To begin with, I will be converting Karl’s cis/trans eQTL plot to pull its data from a triple store dynamically. Currently there are two scripts that process an r/qtl cross and a few supporting dataframes to create a set of static JSON files, which are then loaded into the graph. Using a triple store to hold the underlying data, however, the values required by the visualization can be accessed dynamically based on the structure of the original R objects. As of now I have successfully converted each of of the necessary datasets to RDF, and am working on generating queries that Karl’s d3 code can use to access it through a 4store SPARQL endpoint (which supports JSON output).
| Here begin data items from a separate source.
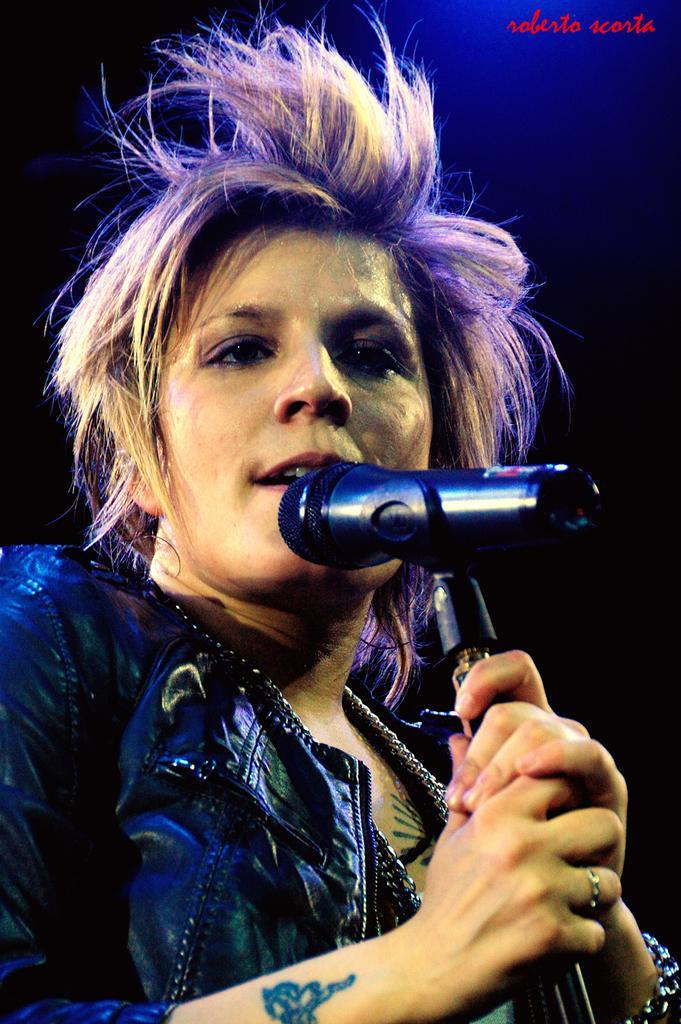Describe this image in one or two sentences. Here is a woman holding a microphone and singing she has a ring on her right hand ring finger and she has a tattoo on her hand she is wearing a black color jacket 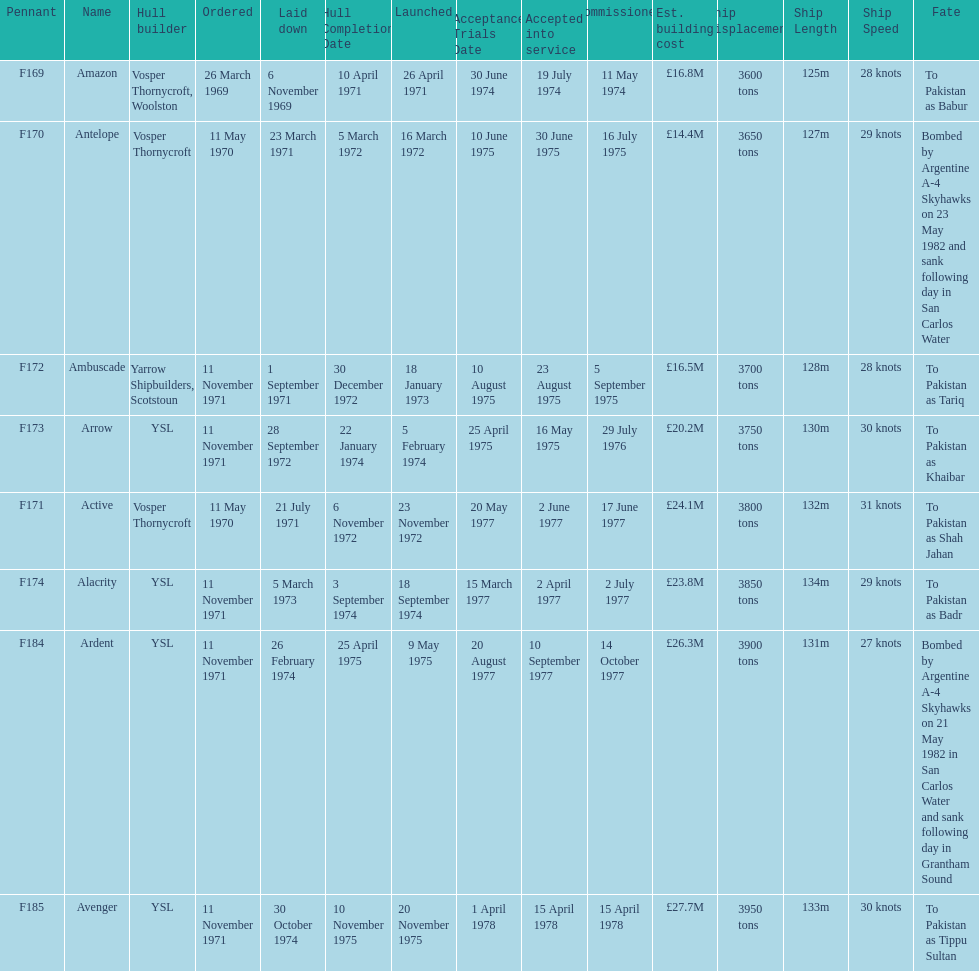How many ships were laid down in september? 2. 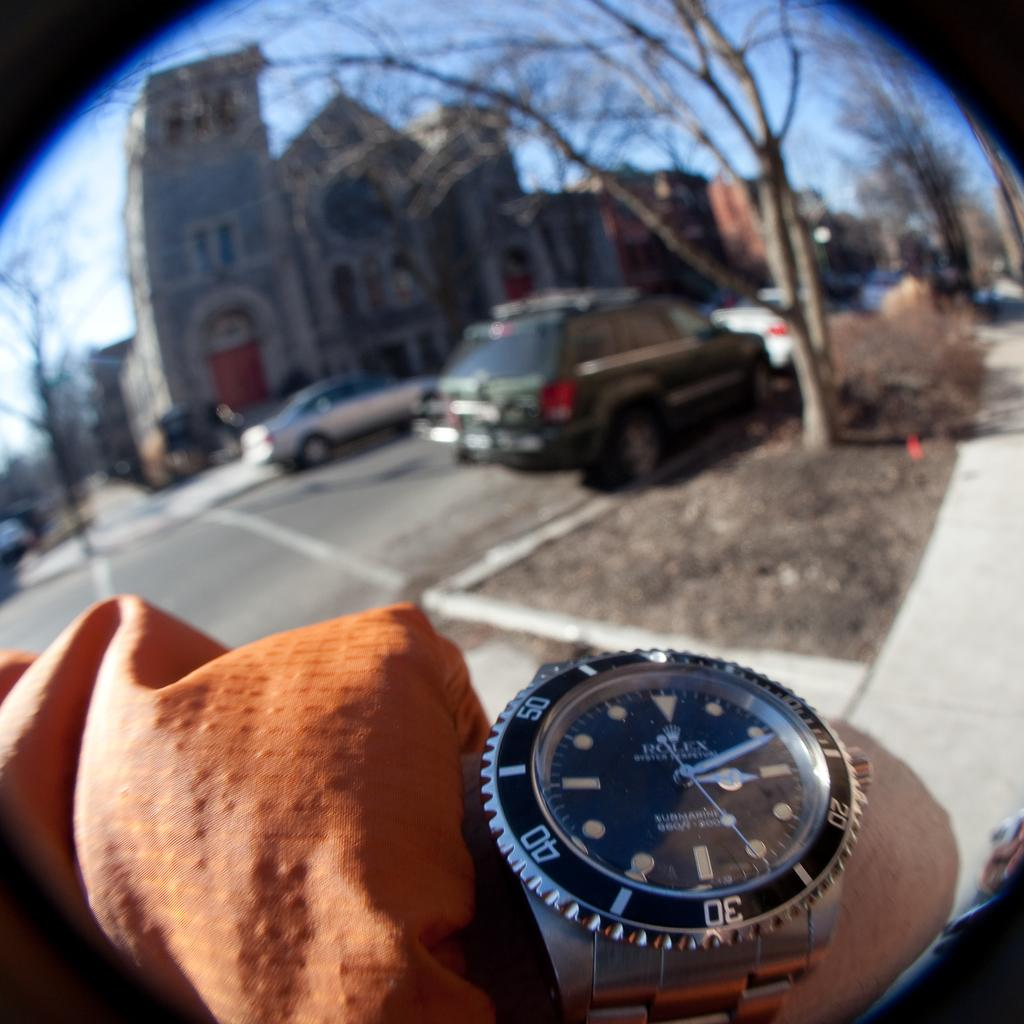<image>
Offer a succinct explanation of the picture presented. a person wearing a dark watch with the number 30 at the bottom

The objects involved are quite large, and the Data Cube vocabulary (really RDF in general) is fairly verbose in its representation of information, so I am working on loading what I have into the right databases and reducing redundancy in the output. However, if you’d like some idea of how the data are being represented and accessed, I’ve set up a demo on Dydra with a subset of the data and some example queries.
Testing and Validation
In addition to working with Karl, I’ve taken time to refactor my code toward creating Data Cube RDF for more general structures. Originally the main module worked off of an Rserve object, but I’ve redone everything to use plain ruby objects, which the generator classes are responsible for creating. To support this refactoring, and the creation of new generators for data types such as CSV files, I’ve begun using Rspec to build the spec for my project. I’ve added tests against reference output and syntactical correctness, but these are respectively too brittle and too permissive to ensure novel data sets will generate valid output. To this end, I have implemented a number of the official Data Cube Integrity Constraints as part of the spec. The ICs are a set of SPARQL queries that can be run on your RDF output to ensure various high level features are present, and go beyond simple syntax validity in ensuring you have properly encoded your data. I’ve had to make a few modifications, since the ICs are slightly out of data, and some of the SPARQL 1.1 facilities they make use of aren’t fully supported by the RDF.rb SPARQL gem. Aside from a place in the set of tests, the ICs could also be useful as part of the main code, providing a way for the end user to ensure that their data is compatible with Data Cube tools like Cubeviz.